Double kill: The classic strategy of the dealer
In this wave of market activity, the dealer's 'double kill' strategy was executed flawlessly. Data shows that if Ethereum breaks above $4900, the cumulative short liquidation intensity on major trading platforms will reach $544 million; conversely, if Ethereum falls below $4500, the cumulative long liquidation intensity will reach $2.512 billion. The dealer used this to first push the price up to $4957 in the early hours yesterday, instantly liquidating a large number of shorts and causing heavy losses for the bears. Then the price fell back to $4520, attracting a large number of bulls to buy the dip. Just when the bulls thought the opportunity had come and rushed in, the price bounced to $4690 before plummeting again, hitting a low of $4330 this morning, liquidating a large number of long positions. This kind of operation is akin to a skilled magician, creating false breakouts to entice traders, then executing reverse operations to profit from both sides. Just like a certain altcoin, the dealer first raised the price to attract retail investors to follow suit, then suddenly sold off, causing the price to crash and trapping retail investors at a high.
Market risks and opportunities coexist
In my opinion, the cryptocurrency market is a place filled with opportunities and risks. Although Ethereum's recent market has caused heavy losses for many, it also reminds us not to blindly follow the crowd in this market and to have our own judgment and analysis. As Buffett said, 'I am fearful when others are greedy, and greedy when others are fearful.' When the market is euphoric, we must remain calm and vigilant against risks; when the market is sluggish, we must also see the opportunities within. Of course, this doesn't mean we should blindly go against the trend, but rather make reasonable decisions based on a thorough understanding of market conditions and technical indicators.
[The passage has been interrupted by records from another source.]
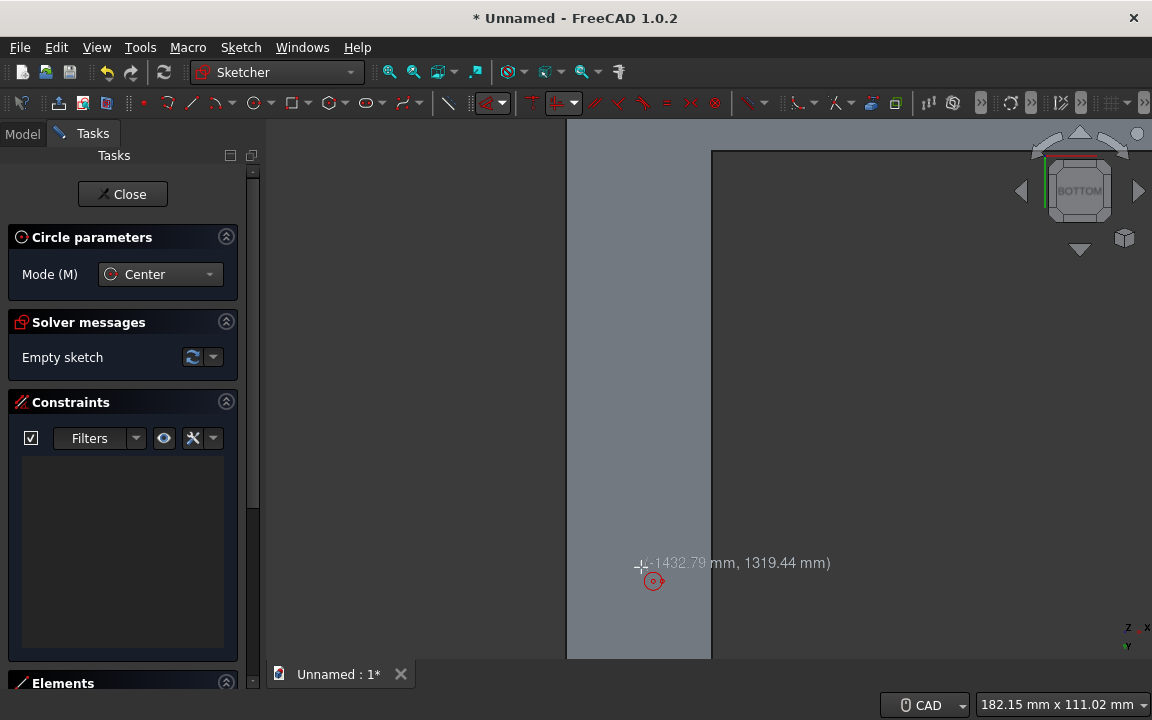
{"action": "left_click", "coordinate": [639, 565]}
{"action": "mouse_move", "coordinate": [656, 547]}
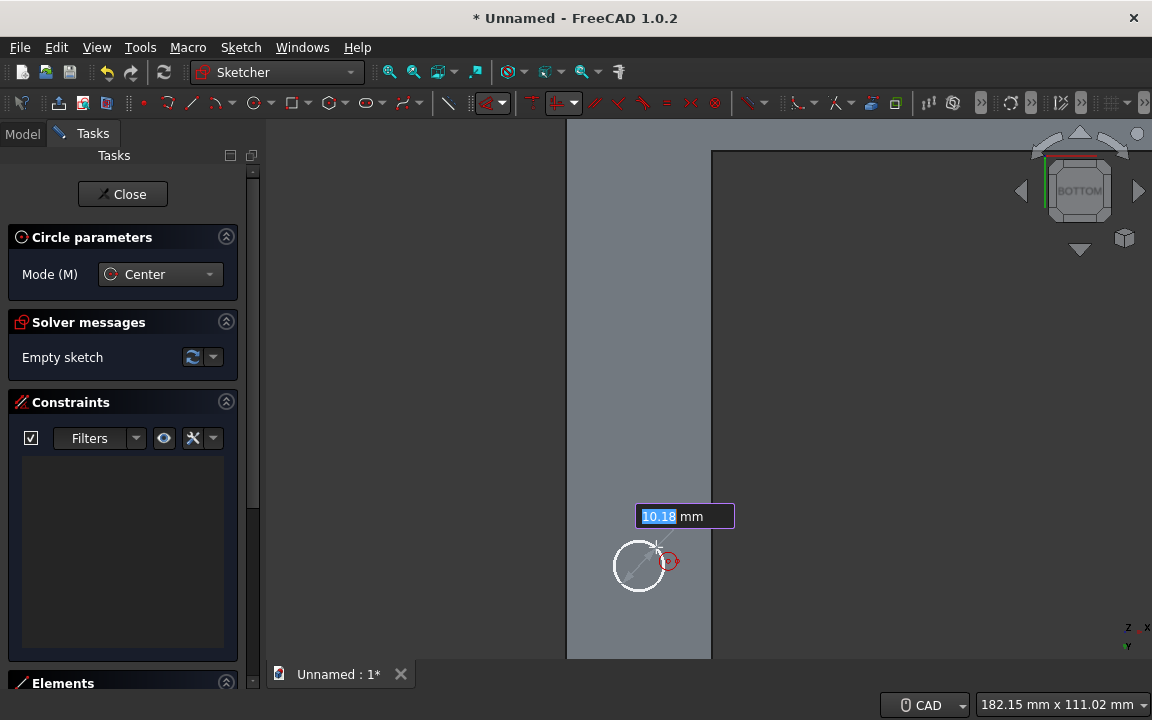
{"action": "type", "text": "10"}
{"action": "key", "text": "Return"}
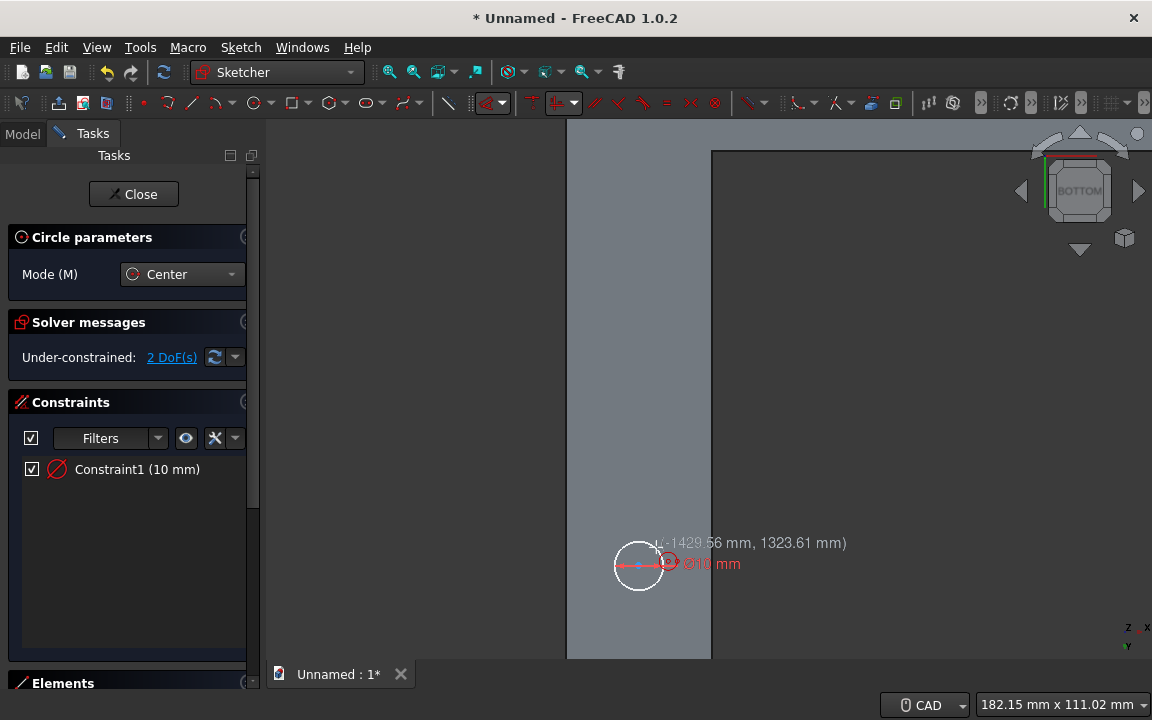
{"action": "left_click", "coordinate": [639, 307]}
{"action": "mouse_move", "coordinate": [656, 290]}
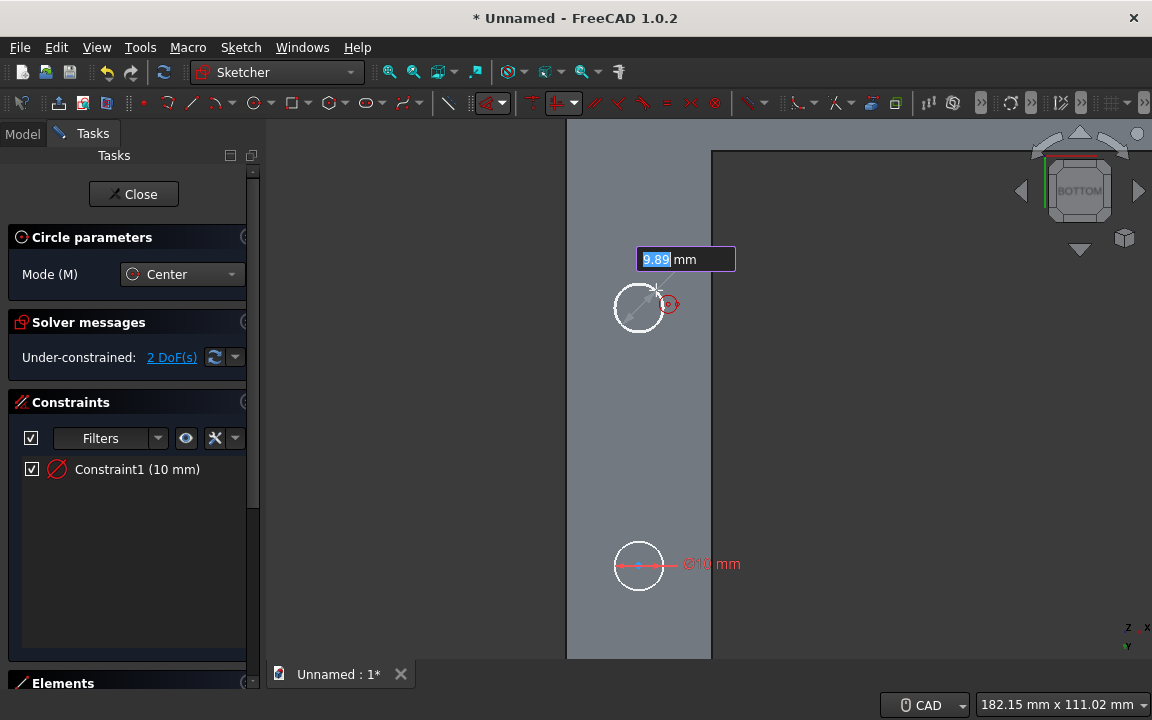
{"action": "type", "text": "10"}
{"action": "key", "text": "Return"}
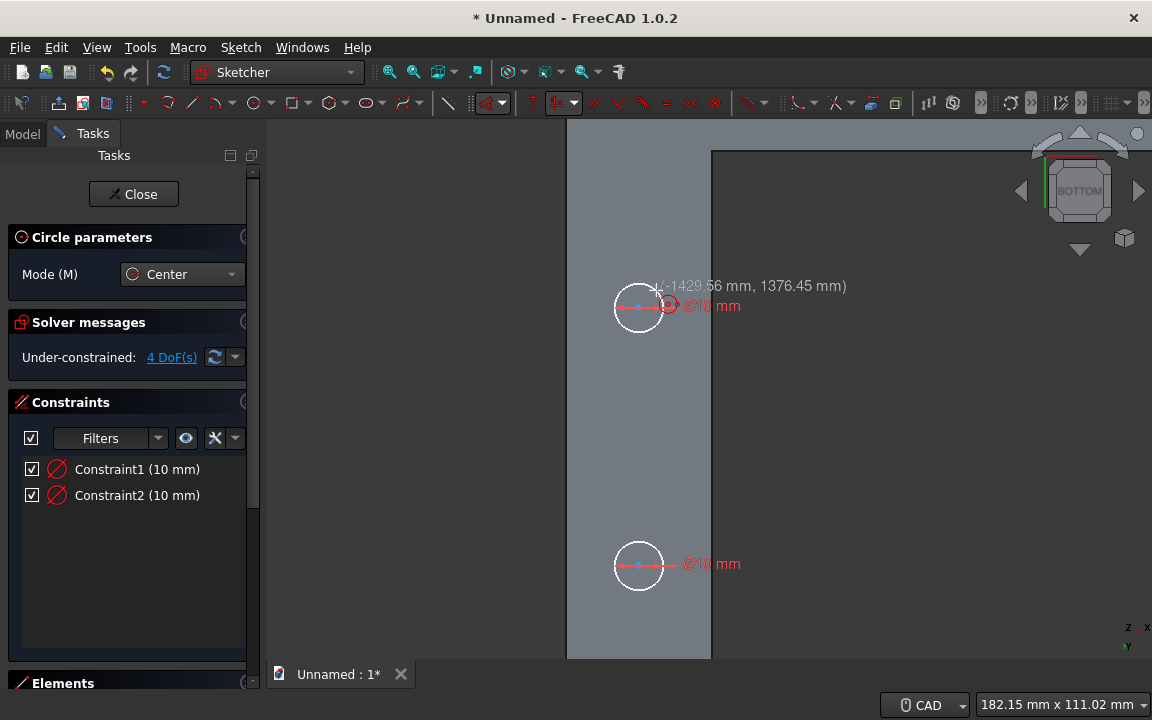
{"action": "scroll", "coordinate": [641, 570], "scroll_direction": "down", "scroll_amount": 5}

Today's strategy: Key positions and risk control points
According to the current technical analysis, today's trend needs to focus on whether the key level of 4420 can hold. If the hourly chart can stay above this level, we can consider taking a rebound. Aggressive traders can go short with a small position at the current price, but must set a stop-loss at 4480, aiming for around 4200. Cautious traders are advised to wait for the hourly close before deciding on the entry direction. From a larger timeframe, as long as ETH's weekly close price holds above $4600, it may further rise to between $5200 and $5500. The mid-term support is around $4100, and if a downward spike occurs, it may rise again thereafter.
Ethereum is currently at a critical decision point around the price of 4430. The resistance is formed in the 4480 - 4500 range above, while the support is provided in the 4200 - 4150 range below. The market is still digesting recent gains, and short-term volatility remains high. Traders must strictly control their position size, set stop-losses, and avoid becoming victims of the next liquidation wave. After all, in this brutal market, surviving is more important than making money.